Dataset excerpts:
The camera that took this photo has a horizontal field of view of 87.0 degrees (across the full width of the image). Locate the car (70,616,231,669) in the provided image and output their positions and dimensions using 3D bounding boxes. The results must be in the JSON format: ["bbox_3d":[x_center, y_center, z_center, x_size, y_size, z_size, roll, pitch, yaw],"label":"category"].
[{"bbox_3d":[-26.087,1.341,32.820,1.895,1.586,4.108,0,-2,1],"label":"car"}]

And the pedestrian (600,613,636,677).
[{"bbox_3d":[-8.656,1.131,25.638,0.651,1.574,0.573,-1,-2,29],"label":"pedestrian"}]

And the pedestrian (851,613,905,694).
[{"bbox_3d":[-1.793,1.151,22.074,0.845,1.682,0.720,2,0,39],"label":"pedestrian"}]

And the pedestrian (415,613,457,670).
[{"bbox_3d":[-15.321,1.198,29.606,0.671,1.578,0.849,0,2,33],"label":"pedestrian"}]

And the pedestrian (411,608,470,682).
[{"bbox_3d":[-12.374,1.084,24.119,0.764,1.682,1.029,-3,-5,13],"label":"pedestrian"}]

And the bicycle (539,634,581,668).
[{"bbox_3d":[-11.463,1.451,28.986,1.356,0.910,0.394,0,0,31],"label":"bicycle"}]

## WHAT YOU WILL DO
All the entries should be written out again precisely.

## RESPONSE TO THIS TASK
The camera that took this photo has a horizontal field of view of 87.0 degrees (across the full width of the image). Locate the car (70,616,231,669) in the provided image and output their positions and dimensions using 3D bounding boxes. The results must be in the JSON format: ["bbox_3d":[x_center, y_center, z_center, x_size, y_size, z_size, roll, pitch, yaw],"label":"category"].
[{"bbox_3d":[-26.087,1.341,32.820,1.895,1.586,4.108,0,-2,1],"label":"car"}]

And the pedestrian (600,613,636,677).
[{"bbox_3d":[-8.656,1.131,25.638,0.651,1.574,0.573,-1,-2,29],"label":"pedestrian"}]

And the pedestrian (851,613,905,694).
[{"bbox_3d":[-1.793,1.151,22.074,0.845,1.682,0.720,2,0,39],"label":"pedestrian"}]

And the pedestrian (415,613,457,670).
[{"bbox_3d":[-15.321,1.198,29.606,0.671,1.578,0.849,0,2,33],"label":"pedestrian"}]

And the pedestrian (411,608,470,682).
[{"bbox_3d":[-12.374,1.084,24.119,0.764,1.682,1.029,-3,-5,13],"label":"pedestrian"}]

And the bicycle (539,634,581,668).
[{"bbox_3d":[-11.463,1.451,28.986,1.356,0.910,0.394,0,0,31],"label":"bicycle"}]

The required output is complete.